* [Task description]: Please copy each line of the records below that holds the word "broader".

● ● ● ● ● ● ●

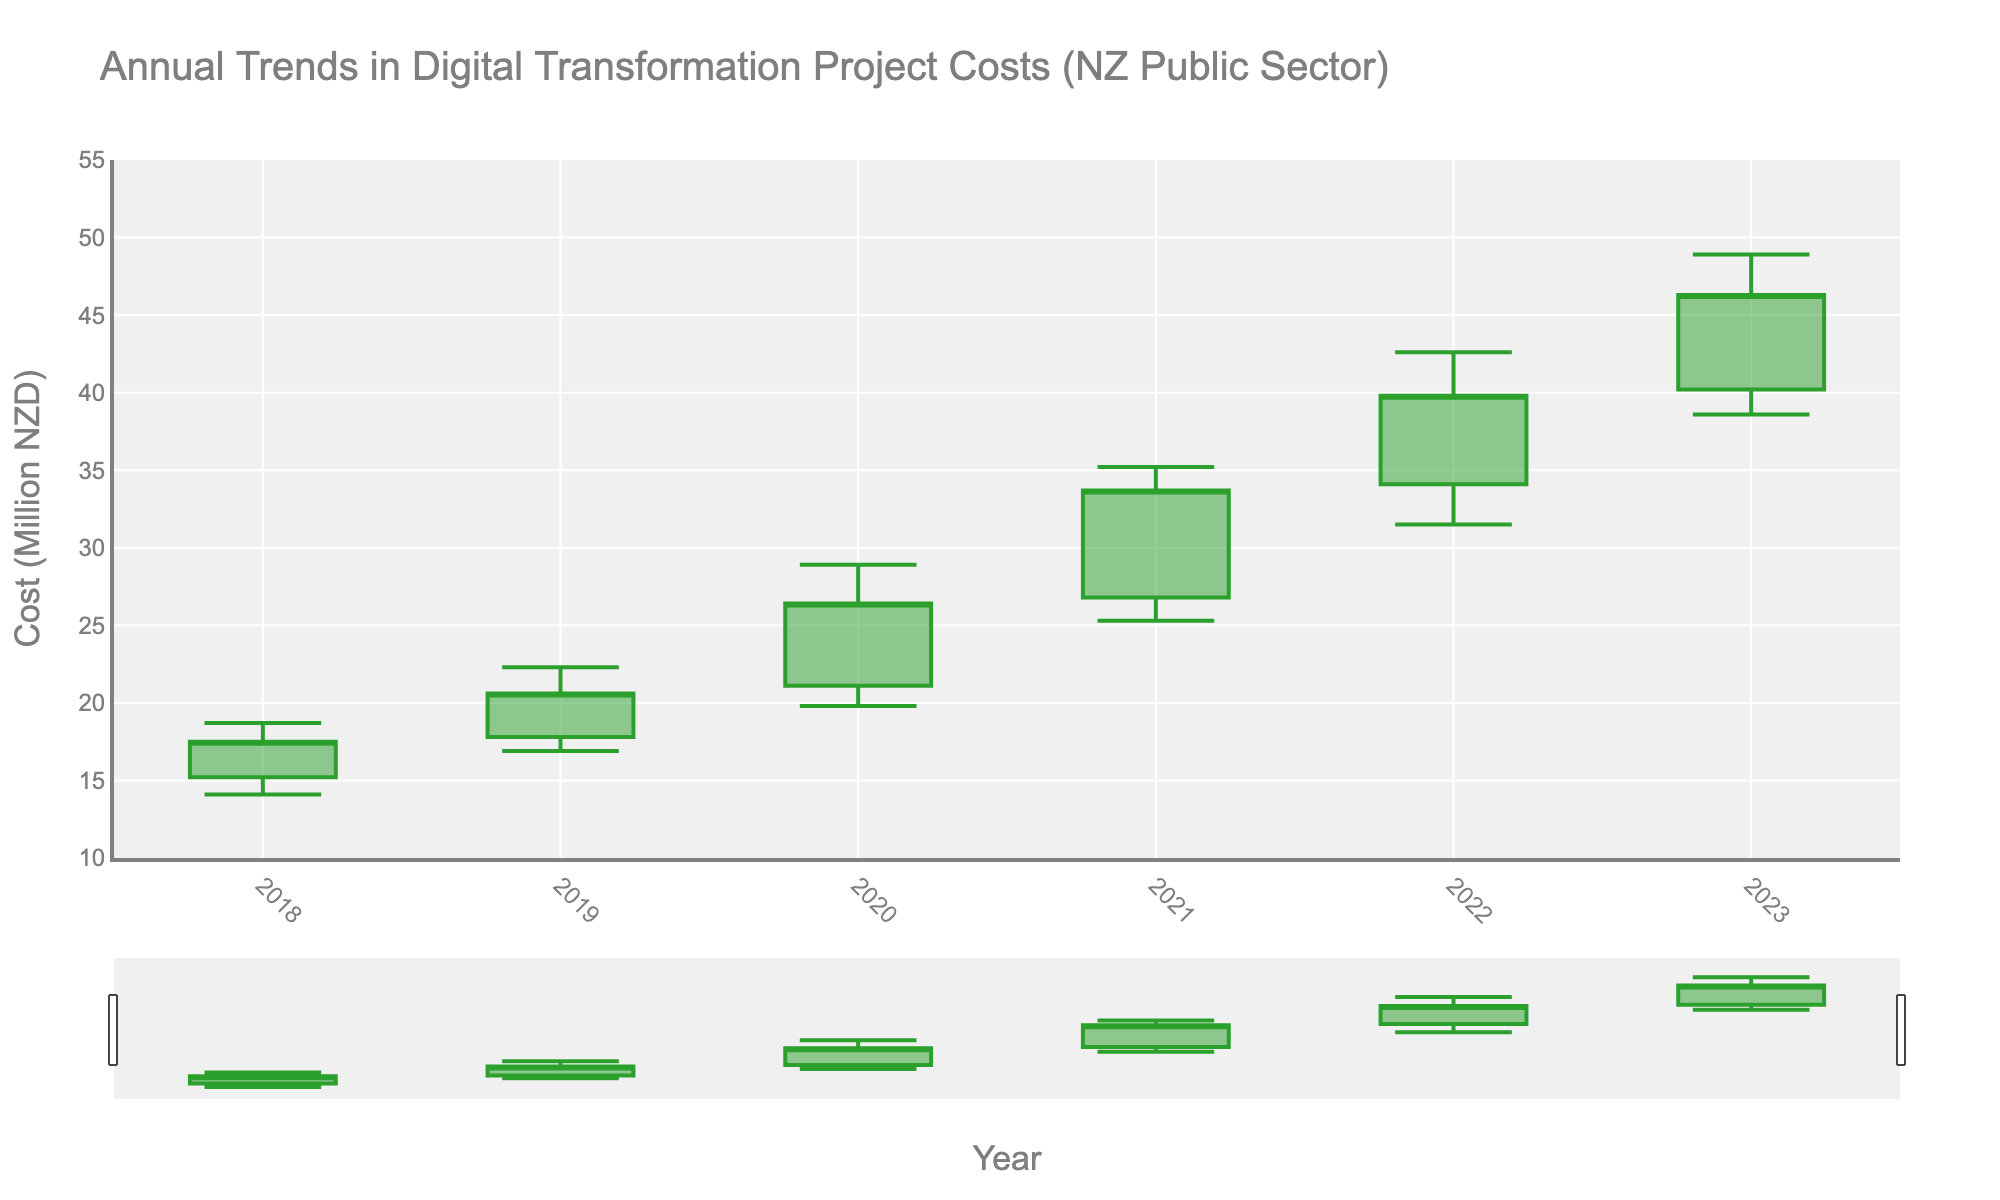What's the title of the chart? The title is normally displayed at the top of the chart, indicating what the chart represents. In this case, it is related to the annual trends in project costs within the New Zealand public sector.
Answer: Annual Trends in Digital Transformation Project Costs (NZ Public Sector) What is the highest cost recorded in the chart, and in which year? The highest cost recorded is shown as the maximum point in the "High" values. By examining the chart, we see the highest cost was in the year 2023.
Answer: 48.9 million NZD (2023) What is the trend of the opening digital transformation project costs over the years? The opening costs are plotted at the beginning value of each year. By looking at the position of the open values for each year from 2018 to 2023, we can infer the increasing trend.
Answer: Increasing Which year experienced the smallest difference between the highest and lowest project costs? The difference between the highest and lowest project costs can be found by subtracting the low value from the high value for each year. Comparing these differences, we find that the smallest difference was in 2018 (18.7 - 14.1 = 4.6).
Answer: 2018 In which year did the project costs close the highest? The closing costs are the final recorded numbers for each year. By checking the close values, we see the highest close value is in 2023.
Answer: 2023 How much did the closing project cost increase from 2019 to 2020? To find the increase, subtract the 2019 close value from the 2020 close value. (26.4 - 20.6 = 5.8)
Answer: 5.8 million NZD Was there any year where the low project cost was higher than the previous year's closing cost? Compare the low values of each year to the close values of the previous year. We find that the low of 2019 (16.9) is higher than the close of 2018 (17.5), and the low of 2020 (19.8) is higher than the close of 2019 (20.6).
Answer: Yes, 2020 Compare the opening costs in 2021 and 2022. Which year had a higher opening cost? By comparing the open values of 2021 (26.8) and 2022 (34.1), we identify that 2022 had a higher opening cost.
Answer: 2022 
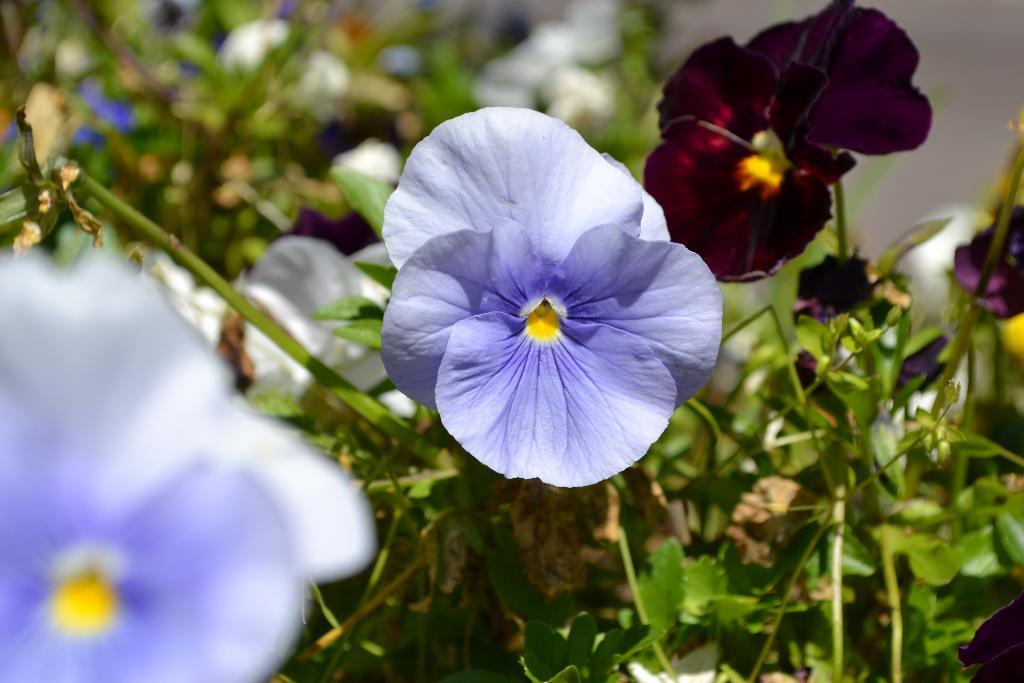What colors are the flowers on the plant in the image? There is a blue flower and a red flower on the plant in the image. Where are most of the flowers located on the plant? Most of the flowers are on the left side of the image. What can be seen in the bottom right corner of the image? There are leaves visible in the bottom right corner of the image. What type of brass instrument is being played in the image? There is no brass instrument or any musical instrument present in the image; it features a plant with flowers. 
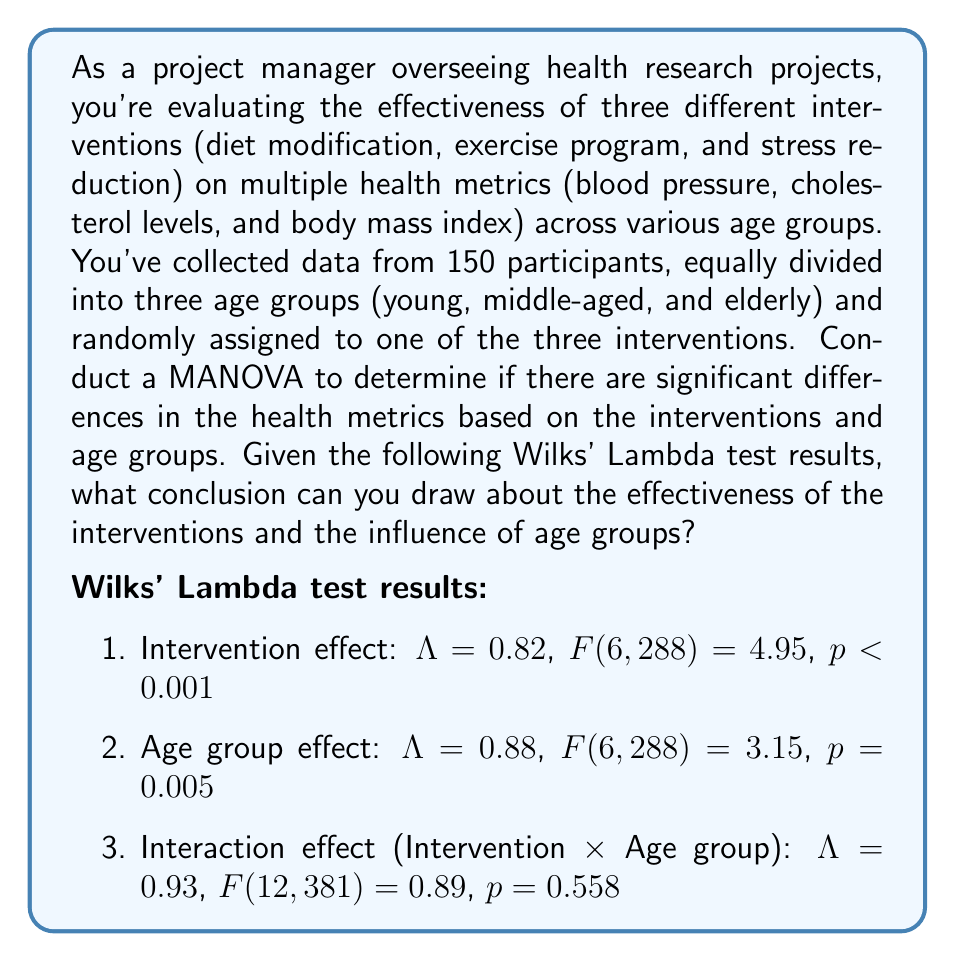Help me with this question. To interpret the MANOVA results and draw conclusions about the effectiveness of the interventions and the influence of age groups, we need to examine the Wilks' Lambda test results for each effect:

1. Intervention effect:
   - Wilks' Lambda ($\Lambda$) = 0.82
   - $F(6, 288) = 4.95$
   - $p < 0.001$

   The small p-value ($p < 0.001$) indicates strong evidence against the null hypothesis, which suggests that there are significant differences in the health metrics based on the interventions.

2. Age group effect:
   - Wilks' Lambda ($\Lambda$) = 0.88
   - $F(6, 288) = 3.15$
   - $p = 0.005$

   The p-value is less than the conventional significance level of 0.05, indicating that there are significant differences in the health metrics across age groups.

3. Interaction effect (Intervention × Age group):
   - Wilks' Lambda ($\Lambda$) = 0.93
   - $F(12, 381) = 0.89$
   - $p = 0.558$

   The large p-value ($p > 0.05$) suggests that there is no significant interaction effect between the interventions and age groups on the health metrics.

Interpretation:
1. The significant intervention effect ($p < 0.001$) indicates that the three interventions (diet modification, exercise program, and stress reduction) have different impacts on the combined health metrics (blood pressure, cholesterol levels, and body mass index).

2. The significant age group effect ($p = 0.005$) suggests that the health metrics differ across the three age groups (young, middle-aged, and elderly).

3. The non-significant interaction effect ($p = 0.558$) implies that the impact of the interventions on health metrics does not significantly vary across age groups.
Answer: Based on the MANOVA results, we can conclude that both the interventions and age groups have significant effects on the health metrics (blood pressure, cholesterol levels, and body mass index). The interventions show different levels of effectiveness in improving these health metrics, and the health metrics also vary significantly across age groups. However, the effectiveness of the interventions does not significantly depend on the age group, as there is no significant interaction effect between interventions and age groups. 
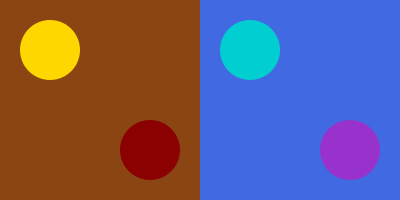How does the color palette in early Christian mosaics differ from that of later Medieval art, and what might this suggest about the evolution of artistic expression within religious contexts? 1. Early Christian color palette:
   - Dominated by earthy tones (represented by the brown background)
   - Limited use of vibrant colors (gold and dark red circles)
   - Colors often symbolize religious concepts (e.g., gold for divinity, red for martyrdom)

2. Medieval color palette:
   - Shift towards cooler, more diverse hues (blue background)
   - Introduction of brighter, more varied colors (turquoise and purple circles)
   - Expanded symbolic color use and decorative purposes

3. Analysis of the transition:
   - Early Christian art shows a restrained palette, reflecting strict adherence to religious themes
   - Medieval art demonstrates a broader range of colors, indicating increased artistic freedom
   - The shift suggests a gradual relaxation of artistic constraints within religious contexts

4. Implications for artistic expression:
   - Early Christian art: limited creativity due to focus on conveying religious messages
   - Medieval art: greater artistic exploration while still maintaining religious significance
   - The change implies an evolution in the relationship between art and religion over time

5. Critique of artistic development:
   - Early Christian art's limited palette may be seen as a constraint on artistic creativity
   - Medieval art's expanded palette could be interpreted as a sign of growing artistic independence
   - The transition reflects broader cultural and societal changes influencing religious art
Answer: Transition from limited, earthy tones to diverse, vibrant hues, suggesting increased artistic freedom within religious contexts. 
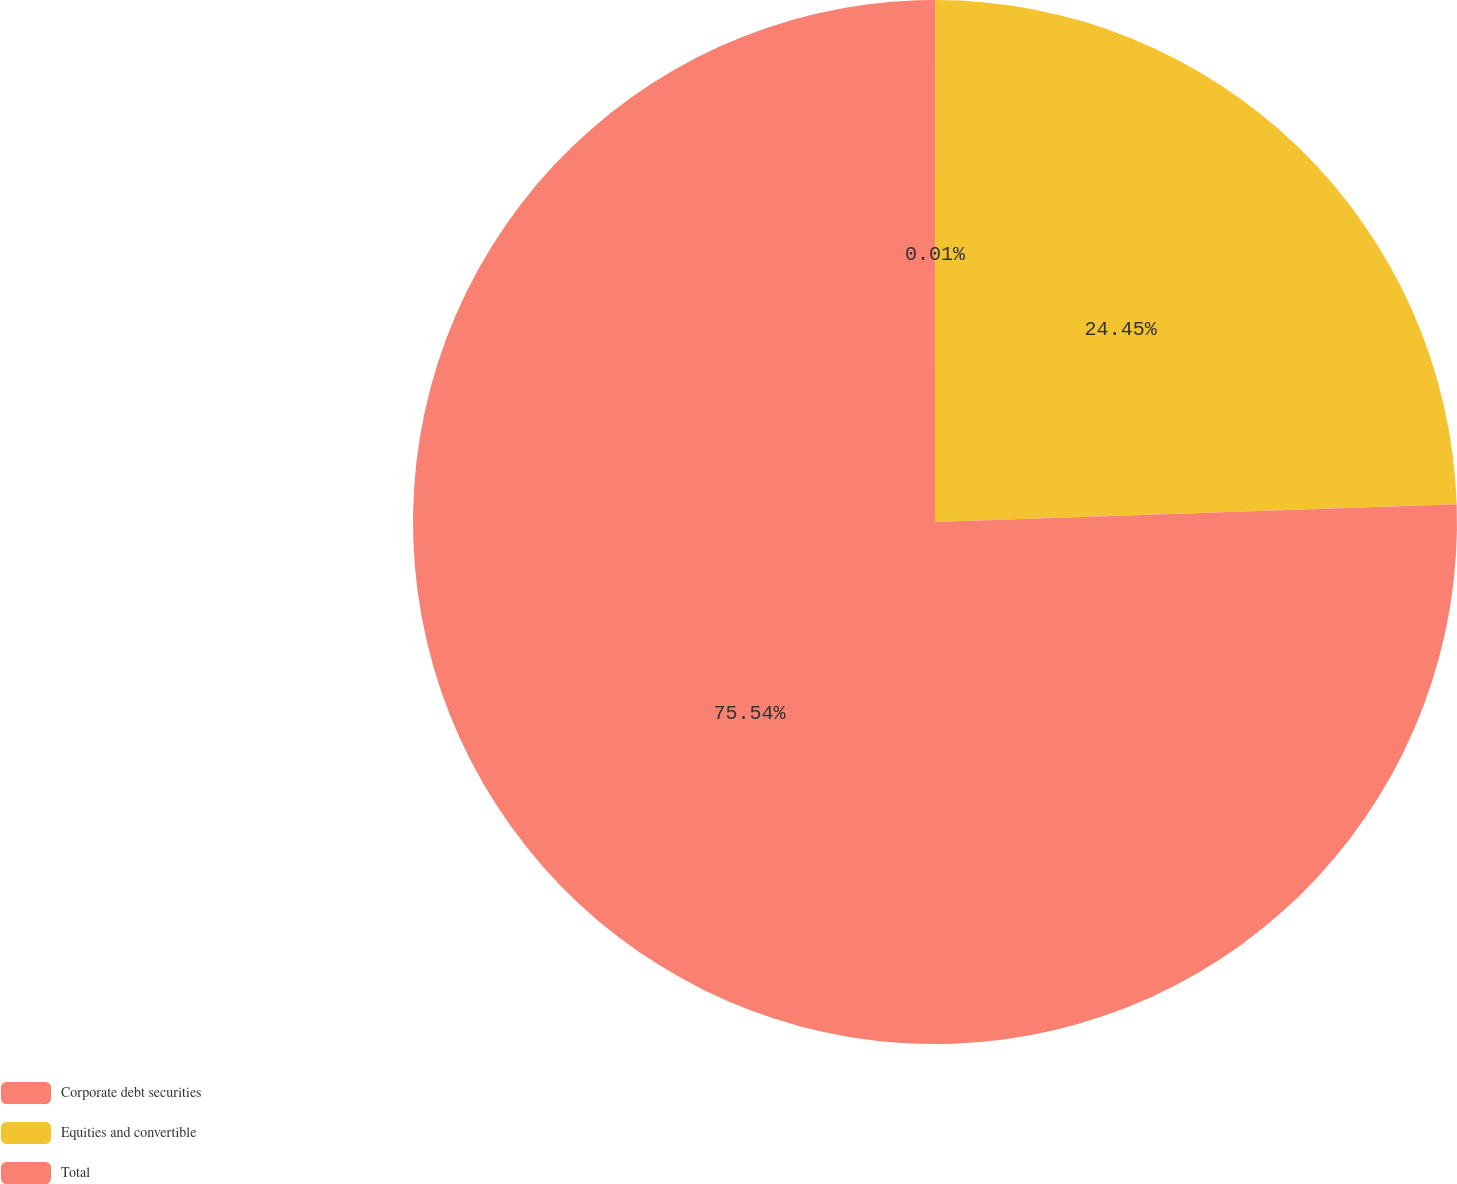Convert chart. <chart><loc_0><loc_0><loc_500><loc_500><pie_chart><fcel>Corporate debt securities<fcel>Equities and convertible<fcel>Total<nl><fcel>0.01%<fcel>24.45%<fcel>75.54%<nl></chart>

● ● ● ● ● ● ●

* [Written solution]:
   - Medieval art demonstrates a broader range of colors, indicating increased artistic freedom
   - The transition reflects broader cultural and societal changes influencing religious art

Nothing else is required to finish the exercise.